* _YOUR GOAL_:
Within these records, how many lines hold "politie"? Give the number alone.

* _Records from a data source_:
_ _ _ _ _
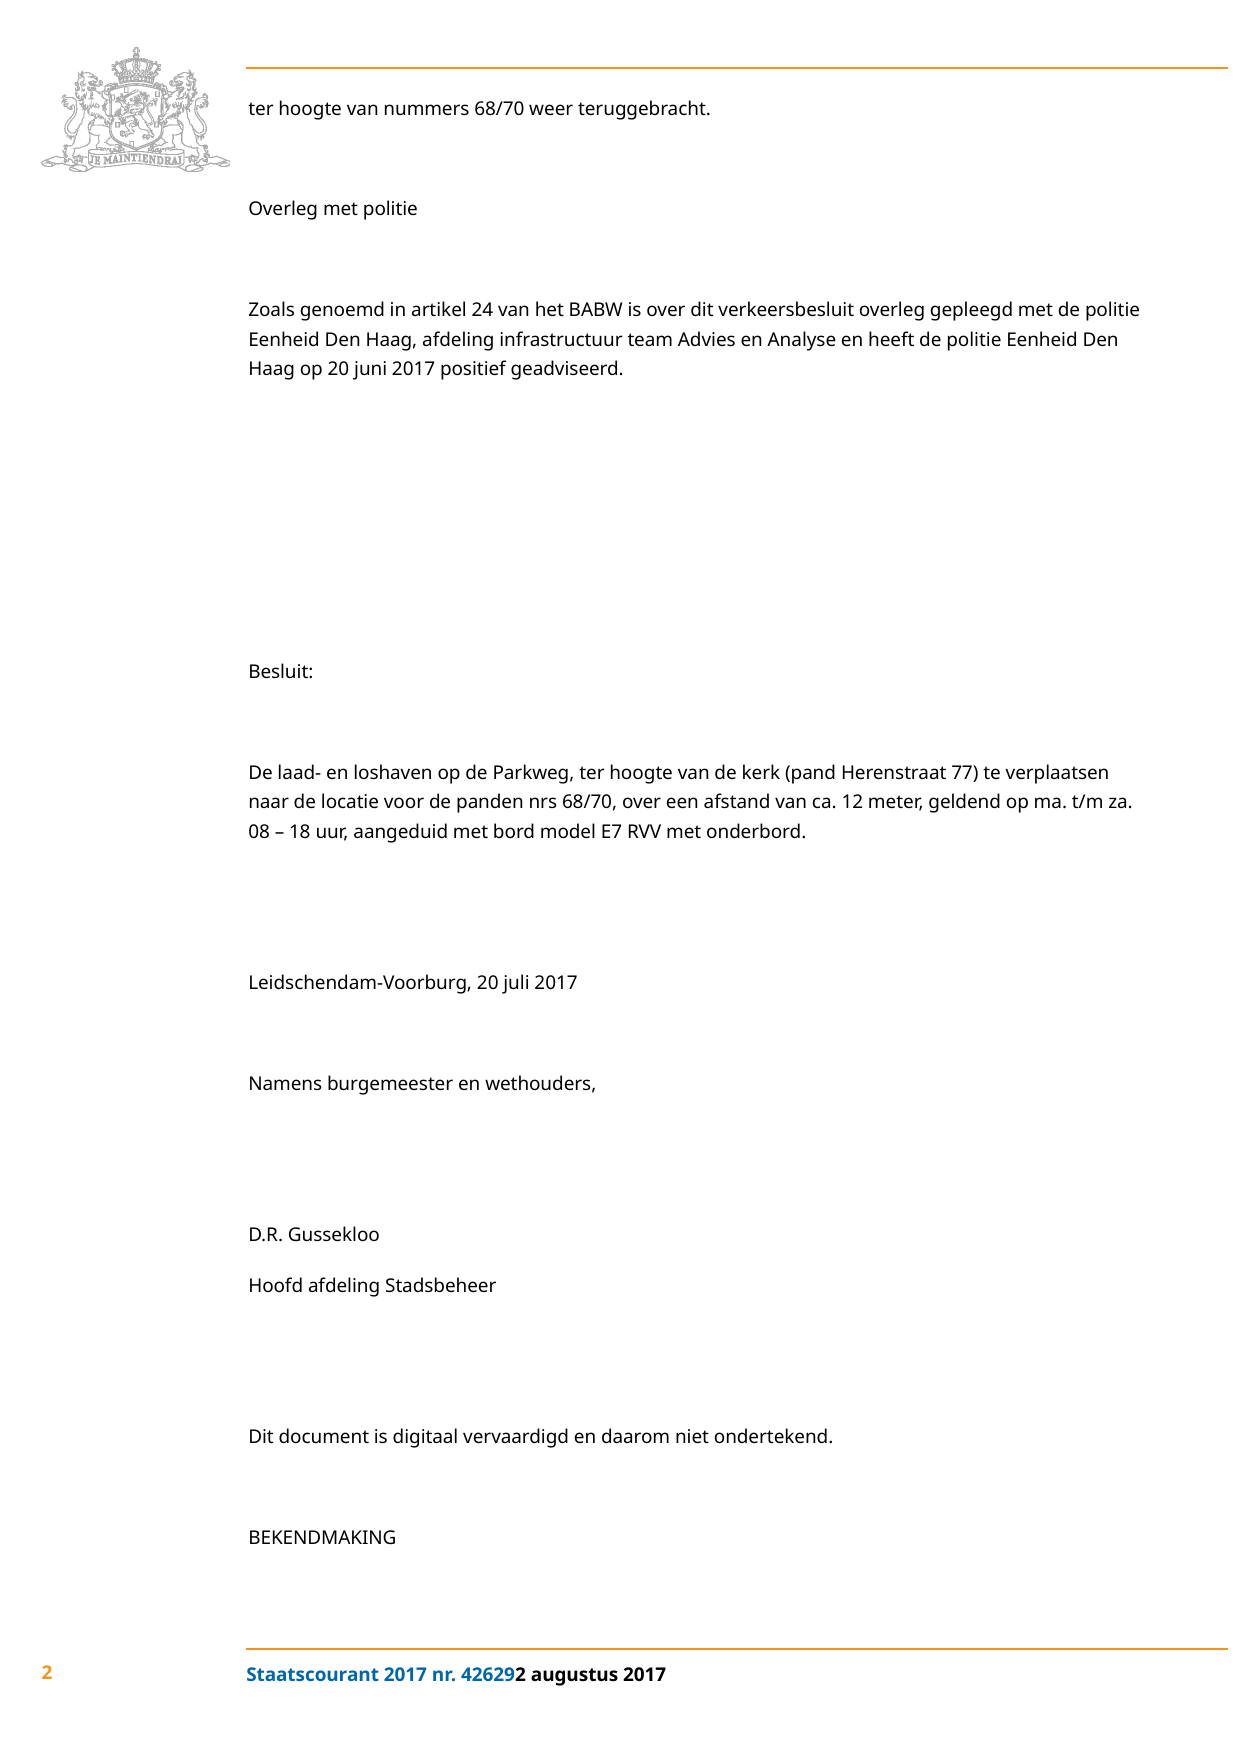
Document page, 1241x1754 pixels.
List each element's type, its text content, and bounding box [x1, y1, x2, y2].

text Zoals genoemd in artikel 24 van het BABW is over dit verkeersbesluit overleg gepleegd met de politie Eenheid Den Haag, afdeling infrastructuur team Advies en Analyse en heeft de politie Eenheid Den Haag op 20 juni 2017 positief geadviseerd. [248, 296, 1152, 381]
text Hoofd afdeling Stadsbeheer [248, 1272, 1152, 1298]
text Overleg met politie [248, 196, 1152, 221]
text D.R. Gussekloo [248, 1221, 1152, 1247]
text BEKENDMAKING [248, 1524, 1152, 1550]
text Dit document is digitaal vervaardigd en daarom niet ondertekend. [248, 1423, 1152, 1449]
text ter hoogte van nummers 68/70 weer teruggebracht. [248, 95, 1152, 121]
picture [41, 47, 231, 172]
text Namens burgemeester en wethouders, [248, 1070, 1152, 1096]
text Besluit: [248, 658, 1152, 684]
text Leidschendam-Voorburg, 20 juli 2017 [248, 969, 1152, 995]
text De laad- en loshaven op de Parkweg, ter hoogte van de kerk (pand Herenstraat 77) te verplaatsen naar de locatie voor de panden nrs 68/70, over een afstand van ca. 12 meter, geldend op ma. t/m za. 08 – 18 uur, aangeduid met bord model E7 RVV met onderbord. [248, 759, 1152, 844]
_ _ _ _ _
* _RESPONSE_:
2